Data supplied START
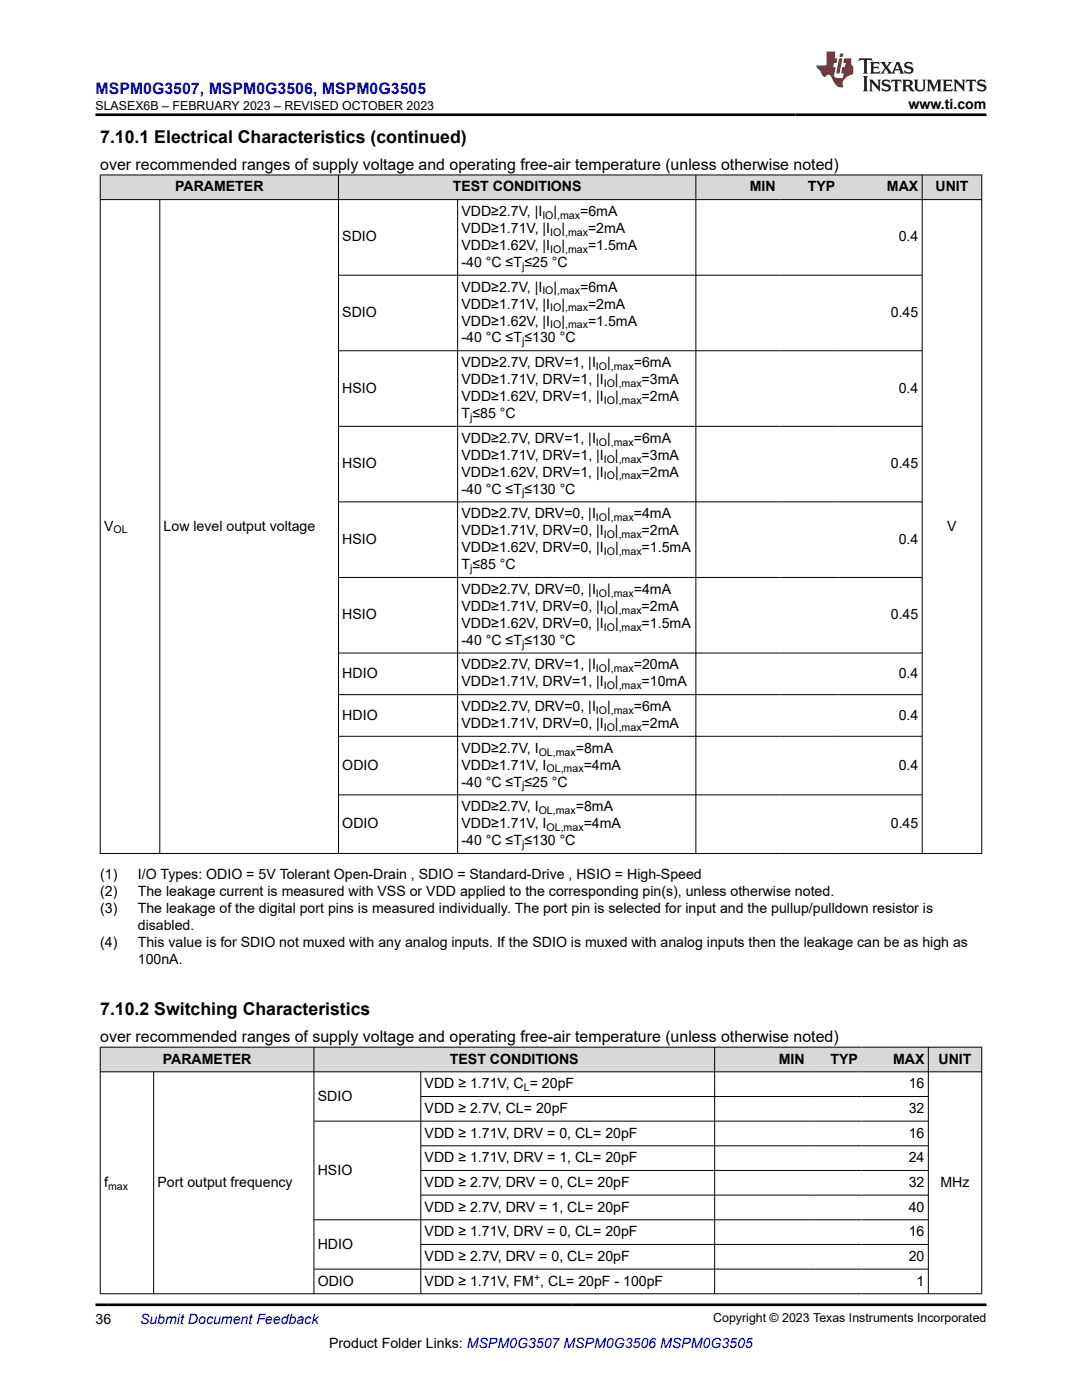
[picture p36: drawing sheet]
<svg xmlns="http://www.w3.org/2000/svg" width="216mm" height="279mm" viewBox="0 0 216 279" stroke-linecap="round" stroke-linejoin="round" font-family="sans-serif">
<defs><g id="words">
<g font-size="3.5">
<text x="20" y="28.5">7.10.1 Electrical Characteristics (continued)</text>
<text x="20" y="202.6">7.10.2 Switching Characteristics</text>
</g>
<text font-size="3.2" fill="#00f" x="19" y="18.7">MSPM0G3507, MSPM0G3506, MSPM0G3505</text>
<g font-size="3.2">
<text x="20" y="33.9">over recommended ranges of supply voltage and operating free-air temperature (unless otherwise noted)</text>
<text x="20" y="207.9">over recommended ranges of supply voltage and operating free-air temperature (unless otherwise noted)</text>
</g>
<g font-size="2.8">
<text x="181.3" y="21.8">www.ti.com</text>
<text x="34.9" y="38.2">PARAMETER</text>
<text x="90.3" y="38.2">TEST CONDITIONS</text>
<text x="149.6" y="38.2">MIN</text>
<text x="161.2" y="38.2">TYP</text>
<text x="177" y="38.2">MAX</text>
<text x="186.7" y="38.2">UNIT</text>
<text x="92.1" y="43.1">VDD≥2.7V, |I</text>
<text x="92.1" y="46.5">VDD≥1.71V, |I</text>
<text x="110.5" y="43.1">|</text>
<text x="112" y="46.5">|</text>
<text x="115.8" y="43.1">=6mA</text>
<text x="117.3" y="46.5">=2mA</text>
<text x="68.3" y="48.2">SDIO</text>
<text x="92.1" y="49.9">VDD≥1.62V, |I</text>
<text x="92.1" y="53.3">-40 °C ≤T≤25 °C</text>
<text x="112" y="49.9">|</text>
<text x="117.3" y="49.9">=1.5mA</text>
<text x="179.3" y="48.2">0.4</text>
<text x="92.1" y="58.2">VDD≥2.7V, |I</text>
<text x="110.5" y="58.2">|</text>
<text x="115.8" y="58.2">=6mA</text>
<text x="68.3" y="63.3">SDIO</text>
<text x="92.1" y="65">VDD≥1.62V, |I</text>
<text x="92.1" y="61.6">VDD≥1.71V, |I</text>
<text x="112" y="61.6">|</text>
<text x="112" y="65">|</text>
<text x="117.3" y="61.6">=2mA</text>
<text x="117.3" y="65">=1.5mA</text>
<text x="177.8" y="63.3">0.45</text>
<text x="92.1" y="68.4">-40 °C ≤T≤130 °C</text>
<text x="92.1" y="76.7">VDD≥1.71V, DRV=1, |I</text>
<text x="92.1" y="73.3">VDD≥2.7V, DRV=1, |I</text>
<text x="121.1" y="73.3">|</text>
<text x="122.7" y="76.7">|</text>
<text x="126.5" y="73.3">=6mA</text>
<text x="128" y="76.7">=3mA</text>
<text x="68.3" y="78.4">HSIO</text>
<text x="92.1" y="83.4">T≤85 °C</text>
<text x="92.1" y="80">VDD≥1.62V, DRV=1, |I</text>
<text x="122.7" y="80">|</text>
<text x="128" y="80">=2mA</text>
<text x="179.3" y="78.4">0.4</text>
<text x="92.1" y="88.4">VDD≥2.7V, DRV=1, |I</text>
<text x="121.1" y="88.4">|</text>
<text x="126.5" y="88.4">=6mA</text>
<text x="68.3" y="93.4">HSIO</text>
<text x="92.1" y="91.7">VDD≥1.71V, DRV=1, |I</text>
<text x="92.1" y="95.1">VDD≥1.62V, DRV=1, |I</text>
<text x="122.7" y="91.7">|</text>
<text x="122.7" y="95.1">|</text>
<text x="128" y="95.1">=2mA</text>
<text x="128" y="91.7">=3mA</text>
<text x="177.8" y="93.4">0.45</text>
<text x="92.1" y="98.5">-40 °C ≤T≤130 °C</text>
<text x="20.8" y="105.9">V</text>
<text x="32.7" y="105.9">Low level output voltage</text>
<text x="92.1" y="106.8">VDD≥1.71V, DRV=0, |I</text>
<text x="92.1" y="103.4">VDD≥2.7V, DRV=0, |I</text>
<text x="121.1" y="103.4">|</text>
<text x="122.7" y="106.8">|</text>
<text x="126.5" y="103.4">=4mA</text>
<text x="128" y="106.8">=2mA</text>
<text x="189" y="105.9">V</text>
<text x="68.3" y="108.5">HSIO</text>
<text x="92.1" y="113.6">T≤85 °C</text>
<text x="92.1" y="110.2">VDD≥1.62V, DRV=0, |I</text>
<text x="122.7" y="110.2">|</text>
<text x="128" y="110.2">=1.5mA</text>
<text x="179.3" y="108.5">0.4</text>
<text x="92.1" y="118.5">VDD≥2.7V, DRV=0, |I</text>
<text x="121.1" y="118.5">|</text>
<text x="126.5" y="118.5">=4mA</text>
<text x="68.3" y="123.6">HSIO</text>
<text x="92.1" y="121.9">VDD≥1.71V, DRV=0, |I</text>
<text x="92.1" y="125.3">VDD≥1.62V, DRV=0, |I</text>
<text x="122.7" y="121.9">|</text>
<text x="122.7" y="125.3">|</text>
<text x="128" y="125.3">=1.5mA</text>
<text x="128" y="121.9">=2mA</text>
<text x="177.8" y="123.6">0.45</text>
<text x="92.1" y="128.7">-40 °C ≤T≤130 °C</text>
<text x="68.3" y="135.3">HDIO</text>
<text x="92.1" y="137">VDD≥1.71V, DRV=1, |I</text>
<text x="92.1" y="133.6">VDD≥2.7V, DRV=1, |I</text>
<text x="121.1" y="133.6">|</text>
<text x="122.7" y="137">|</text>
<text x="126.5" y="133.6">=20mA</text>
<text x="128" y="137">=10mA</text>
<text x="179.3" y="135.3">0.4</text>
<text x="68.3" y="143.6">HDIO</text>
<text x="92.1" y="141.9">VDD≥2.7V, DRV=0, |I</text>
<text x="121.1" y="141.9">|</text>
<text x="126.5" y="141.9">=6mA</text>
<text x="179.3" y="143.6">0.4</text>
<text x="92.1" y="145.3">VDD≥1.71V, DRV=0, |I</text>
<text x="122.7" y="145.3">|</text>
<text x="128" y="145.3">=2mA</text>
<text x="68.3" y="153.6">ODIO</text>
<text x="92.1" y="153.6">VDD≥1.71V, I</text>
<text x="92.1" y="150.2">VDD≥2.7V, I</text>
<text x="114.9" y="150.2">=8mA</text>
<text x="116.5" y="153.6">=4mA</text>
<text x="179.3" y="153.6">0.4</text>
<text x="92.1" y="157">-40 °C ≤T≤25 °C</text>
<text x="92.1" y="161.9">VDD≥2.7V, I</text>
<text x="114.9" y="161.9">=8mA</text>
<text x="68.3" y="165.3">ODIO</text>
<text x="92.1" y="165.3">VDD≥1.71V, I</text>
<text x="116.5" y="165.3">=4mA</text>
<text x="177.8" y="165.3">0.45</text>
<text x="92.1" y="168.7">-40 °C ≤T≤130 °C</text>
<text x="20" y="175.5">(1)</text>
<text x="20" y="178.9">(2)</text>
<text x="27.5" y="175.5">I/O Types: ODIO = 5V Tolerant Open-Drain , SDIO = Standard-Drive , HSIO = High-Speed</text>
<text x="27.5" y="178.9">The leakage current is measured with VSS or VDD applied to the corresponding pin(s), unless otherwise noted.</text>
<text x="20" y="182.3">(3)</text>
<text x="27.5" y="182.3">The leakage of the digital port pins is measured individually. The port pin is selected for input and the pullup/pulldown resistor is</text>
<text x="27.5" y="185.6">disabled.</text>
<text x="20" y="189">(4)</text>
<text x="27.5" y="189">This value is for SDIO not muxed with any analog inputs. If the SDIO is muxed with analog inputs then the leakage can be as high as</text>
<text x="27.5" y="192.4">100nA.</text>
<text x="32.5" y="212.3">PARAMETER</text>
<text x="89.8" y="212.3">TEST CONDITIONS</text>
<text x="155.4" y="212.3">MIN</text>
<text x="165.7" y="212.3">TYP</text>
<text x="178.2" y="212.3">MAX</text>
<text x="187.3" y="212.3">UNIT</text>
<text x="63.4" y="219.6">SDIO</text>
<text x="84.7" y="217.2">VDD ≥ 1.71V, C = 20pF</text>
<text x="181.3" y="217.2">16</text>
<text x="84.7" y="227">VDD ≥ 1.71V, DRV = 0, CL= 20pF</text>
<text x="84.7" y="222.1">VDD ≥ 2.7V, CL= 20pF</text>
<text x="181.3" y="227">16</text>
<text x="181.3" y="222.1">32</text>
<text x="84.7" y="231.9">VDD ≥ 1.71V, DRV = 1, CL= 20pF</text>
<text x="181.3" y="231.9">24</text>
<text x="20.8" y="236.9">f</text>
<text x="31.4" y="236.9">Port output frequency</text>
<text x="63.4" y="234.4">HSIO</text>
<text x="84.7" y="236.9">VDD ≥ 2.7V, DRV = 0, CL= 20pF</text>
<text x="181.3" y="236.9">32</text>
<text x="187.7" y="236.9">MHz</text>
<text x="84.7" y="241.8">VDD ≥ 2.7V, DRV = 1, CL= 20pF</text>
<text x="181.3" y="241.8">40</text>
<text x="63.4" y="249.2">HDIO</text>
<text x="84.7" y="246.7">VDD ≥ 1.71V, DRV = 0, CL= 20pF</text>
<text x="84.7" y="251.6">VDD ≥ 2.7V, DRV = 0, CL= 20pF</text>
<text x="181.3" y="246.7">16</text>
<text x="181.3" y="251.6">20</text>
<text x="63.4" y="256.6">ODIO</text>
<text x="84.7" y="256.6">VDD ≥ 1.71V, FM , CL= 20pF - 100pF</text>
<text x="182.9" y="256.6">1</text>
<text x="19" y="264.2">36</text>
<text x="65.7" y="269">Product Folder Links: MSPM0G3507 MSPM0G3506 MSPM0G3505</text>
</g>
<text font-size="2.8" fill="#00f" x="27.9" y="264.2">Submit Document Feedback</text>
<g font-size="2.5">
<text x="19" y="21.9">SLASEX6B – FEBRUARY 2023 – REVISED OCTOBER 2023</text>
<text x="142.3" y="263.9">Copyright © 2023 Texas Instruments Incorporated</text>
</g>
<g font-size="2.1">
<text x="108.2" y="43.7">IO ,max</text>
<text x="109.8" y="47.1">IO ,max</text>
<text x="104.2" y="53.8">j</text>
<text x="109.8" y="50.4">IO ,max</text>
<text x="108.2" y="58.8">IO ,max</text>
<text x="109.8" y="65.5">IO ,max</text>
<text x="109.8" y="62.1">IO ,max</text>
<text x="104.2" y="68.9">j</text>
<text x="118.9" y="73.8">IO ,max</text>
<text x="120.5" y="77.2">IO ,max</text>
<text x="93.8" y="84">j</text>
<text x="120.5" y="80.6">IO ,max</text>
<text x="118.9" y="88.9">IO ,max</text>
<text x="120.5" y="92.3">IO ,max</text>
<text x="120.5" y="95.7">IO ,max</text>
<text x="104.2" y="99.1">j</text>
<text x="22.6" y="106.5">OL</text>
<text x="118.9" y="104">IO ,max</text>
<text x="120.5" y="107.4">IO ,max</text>
<text x="120.5" y="110.8">IO ,max</text>
<text x="93.8" y="114.2">j</text>
<text x="118.9" y="119.1">IO ,max</text>
<text x="120.5" y="122.5">IO ,max</text>
<text x="120.5" y="125.9">IO ,max</text>
<text x="104.2" y="129.2">j</text>
<text x="118.9" y="134.2">IO ,max</text>
<text x="120.5" y="137.5">IO ,max</text>
<text x="118.9" y="142.5">IO ,max</text>
<text x="120.5" y="145.9">IO ,max</text>
<text x="107.5" y="150.8">OL,max</text>
<text x="109.1" y="154.2">OL,max</text>
<text x="104.2" y="157.6">j</text>
<text x="107.5" y="162.5">OL,max</text>
<text x="109.1" y="165.9">OL,max</text>
<text x="104.2" y="169.2">j</text>
<text x="104.5" y="217.7">L</text>
<text x="21.6" y="237.4">max</text>
<text x="106.6" y="255.6">+</text>
</g>
</g></defs>
<g fill="#d8d8d8">
<path d="M20 34.9h175.9v4.9h-175.9z" fill-rule="evenodd"/>
<path d="M20.1 35h47.4v4.8h-47.4z" fill-rule="evenodd"/>
<path d="M67.6 35h71.2v4.8h-71.2z" fill-rule="evenodd"/>
<path d="M138.9 35h16.6v4.8h-16.6z" fill-rule="evenodd"/>
<path d="M155.5 35h11.9v4.8h-11.9z" fill-rule="evenodd"/>
<path d="M167.4 35h16.6v4.8h-16.6z" fill-rule="evenodd"/>
<path d="M184.1 35h11.7v4.8h-11.7z" fill-rule="evenodd"/>
</g>
<g fill="none" stroke="#000" stroke-width=".2">
<path d="M19.9 34.9h176.1M19.9 39.8h176.1M20 34.9v135.5M31.9 39.8v130.6M67.5 34.9v135.5M91.3 39.8v130.6M138.9 34.9v135.5M184 34.9v135.5M195.9 34.9v135.5M67.5 54.9h116.6M67.5 70h116.6M67.5 85.1h116.6"/>
<path d="M67.5 100.2h116.6M67.5 115.2h116.6M67.5 130.3h116.6M67.5 138.6h116.6M67.5 146.9h116.6M67.5 158.6h116.6M19.9 170.3h176.1"/>
</g>
<g fill="#d8d8d8">
<path d="M20 209h175.9v4.9h-175.9z" fill-rule="evenodd"/>
<path d="M20.1 209h42.5v4.8h-42.5z" fill-rule="evenodd"/>
<path d="M62.7 209h79.8v4.8h-79.8z" fill-rule="evenodd"/>
<path d="M142.7 209h18.6v4.8h-18.6z" fill-rule="evenodd"/>
<path d="M161.3 209h10.6v4.8h-10.6z" fill-rule="evenodd"/>
<path d="M171.9 209h13.3v4.8h-13.3z" fill-rule="evenodd"/>
<path d="M185.3 209h10.5v4.8h-10.5z" fill-rule="evenodd"/>
</g>
<g fill="none" stroke="#000" stroke-width=".2">
<path d="M19.9 209h176.1M19.9 213.9h176.1M20 208.9v49.4M30.7 213.9v44.4M62.6 208.9v49.4M84 213.9v44.4M84 218.8h101.3M142.6 208.9v49.4M185.2 208.9v49.4M195.9 208.9v49.4M84 228.7h101.3M84 233.6h101.3"/>
<path d="M84 238.5h101.3M185.3 223.7h-122.7M19.9 258.2h176.1M62.6 243.4h122.7M84 248.4h101.3M185.3 253.3h-122.7"/>
</g>
<path d="M171.5 11.6l-.2 .6 .5-.2h.6v.1v2.2l-.2 .4h1l-.2-.4v-2.2v-.1h.5l.5 .2-.1-.6zM173.6 12.4l.2 .3v1.6l-.2 .4h1.9l.1-.6a1.08 1.08 0 0 1-1.3 .2v-.7h.6l.4 .2v-.7l-.4 .2h-.6v-.5l.2-.2a1 1 0 0 1 1 .3l-.1-.5zM175.7 12.4l.9 1.1-1 1.2h.9l-.2-.2 .5-.8 .4 .8-.2 .2h1.6l-.2-.2 .2-.5h.9l.1 .5-.1 .2h.9l-.2-.4-.8-1.9h-.5l-.9 2.1-.9-1.1 .9-1h-.8l.2 .2-.4 .6-.4-.6 .2-.2zM179 12.8l.4 1h-.7zM180.7 12.5a.65 .65 0 0 0-.2 .7 .65 .65 0 0 0 .6 .5l.6 .1 .1 .3a.79 .79 0 0 1-.7 .4 .79 .79 0 0 1-.7-.5l.1 .7 .2-.1a.93 .93 0 0 0 1.1 0 .93 .93 0 0 0 .4-.9 1.46 1.46 0 0 0-1.2-.6l-.1-.3a1.09 1.09 0 0 1 1.2 .2l-.2-.6-.1 .1-.5-.2zM172.2 15.2l.2 .4v2.2l-.2 .4h1l-.2-.4v-2.2l.2-.4zM173.4 15.9l.2 .4v1.5l-.2 .4h.8l-.3-.4 .1-1.3 1.6 1.8v-2l.2-.4h-.7l.1 .2 .1 1.1-1.2-1.3zM176.2 16a.65 .65 0 0 0-.2 .8 .65 .65 0 0 0 .6 .4l.6 .2 .1 .2a.79 .79 0 0 1-.7 .4 .79 .79 0 0 1-.7-.5l.1 .7 .2-.1a.93 .93 0 0 0 1.1 .1 .93 .93 0 0 0 .4-1 1.46 1.46 0 0 0-1.2-.5l-.1-.4a1.09 1.09 0 0 1 1.2 .2l-.1-.6-.2 .1-.5-.1zM177.9 15.9l-.1 .6a.63 .63 0 0 1 .8-.3v1.6l-.3 .4h1l-.2-.4v-1.6a.66 .66 0 0 1 .8 .3l-.1-.6zM180 15.9l.2 .4v1.5l-.2 .4h1l-.2-.2-.1-.7h.5l.1 .2a.79 .79 0 0 0 1.2 .6l-1-.9a.61 .61 0 0 0 .6-.6 .61 .61 0 0 0-.5-.7zM180.8 16.2h.1a.47 .47 0 0 1 .5 .1 .47 .47 0 0 1 .1 .5l-.1 .1-.7 .1zM182.3 15.9l.2 .2a2.27 2.27 0 0 0 .4 2 1.04 1.04 0 0 0 1.7-.7v-1.3l.2-.2h-.8l.2 .4v1.1a.6 .6 0 0 1-.6 .6 .6 .6 0 0 1-.6-.6v-1.1l.3-.4zM184.9 15.9l.2 .4v1.5l-.2 .4h.8l-.3-.4v-1.4l.9 1.9 .9-1.9v1.4l-.3 .4h1l-.2-.4v-1.5l.2-.4h-.8l-.7 1.5-.6-1.5zM188.1 15.9l.2 .4v1.5l-.2 .4h1.9l.1-.6a1.09 1.09 0 0 1-1.3 .2v-.7h.6l.4 .2v-.6l-.4 .2h-.6v-.6l.2-.1a1.01 1.01 0 0 1 1 .3l-.1-.6zM190.2 15.9l.3 .4v1.5l-.3 .4h.8l-.2-.4v-1.3l1.6 1.8v-2l.2-.4h-.7l.2 .2v1.1l-1.2-1.3zM192.8 15.9l-.1 .6a.63 .63 0 0 1 .8-.3v1.6l-.3 .4h1l-.2-.4v-1.6a.66 .66 0 0 1 .8 .3l-.1-.6zM195.2 16a.65 .65 0 0 0-.2 .8 .65 .65 0 0 0 .6 .4l.6 .2 .2 .2a.79 .79 0 0 1-.7 .4 .79 .79 0 0 1-.7-.5l.1 .7 .2-.1a.93 .93 0 0 0 1 .1 .93 .93 0 0 0 .5-1 1.46 1.46 0 0 0-1.3-.5v-.4a1.09 1.09 0 0 1 1.2 .2l-.2-.6-.2 .1-.5-.1z" fill="#231f20"/>
<path d="M164.9 10.3v2.7h-2l.1 .4 .8 1a.95 .95 0 0 0 1 .9 .59 .59 0 0 1 .5-.4 .59 .59 0 0 1 .5 .3l.4 .8a1.59 1.59 0 0 0 2.1 1.4 1.61 1.61 0 0 1 1-2.3l1-.3-.1-1.5a1.59 1.59 0 0 1-.3-1.7h-1.5l-.2 .9h.6l-.2 .9h-.5l-.2 .9v.3l.4 .1-.1 .9h-.7a.73 .73 0 0 1-1-.7l.3-1.5h-.5l.1-.9h.5l.2-.9h-.5v-1.3zM167.4 11.6l-.6 3.1h.7l.6-3.1zM167.6 10.7l-.1 .6h.7l.1-.6z" fill="#ed1c24"/>
<path d="M19 22.9h177.8M19 260.4h177.8" fill="none" stroke="#000" stroke-width=".53"/>
<use href="#words"/>
</svg>
Data supplied END
Search the entries for the word "TEST". Copy each line where it appears.

<text x="90.3" y="38.2">TEST CONDITIONS</text>
<text x="89.8" y="212.3">TEST CONDITIONS</text>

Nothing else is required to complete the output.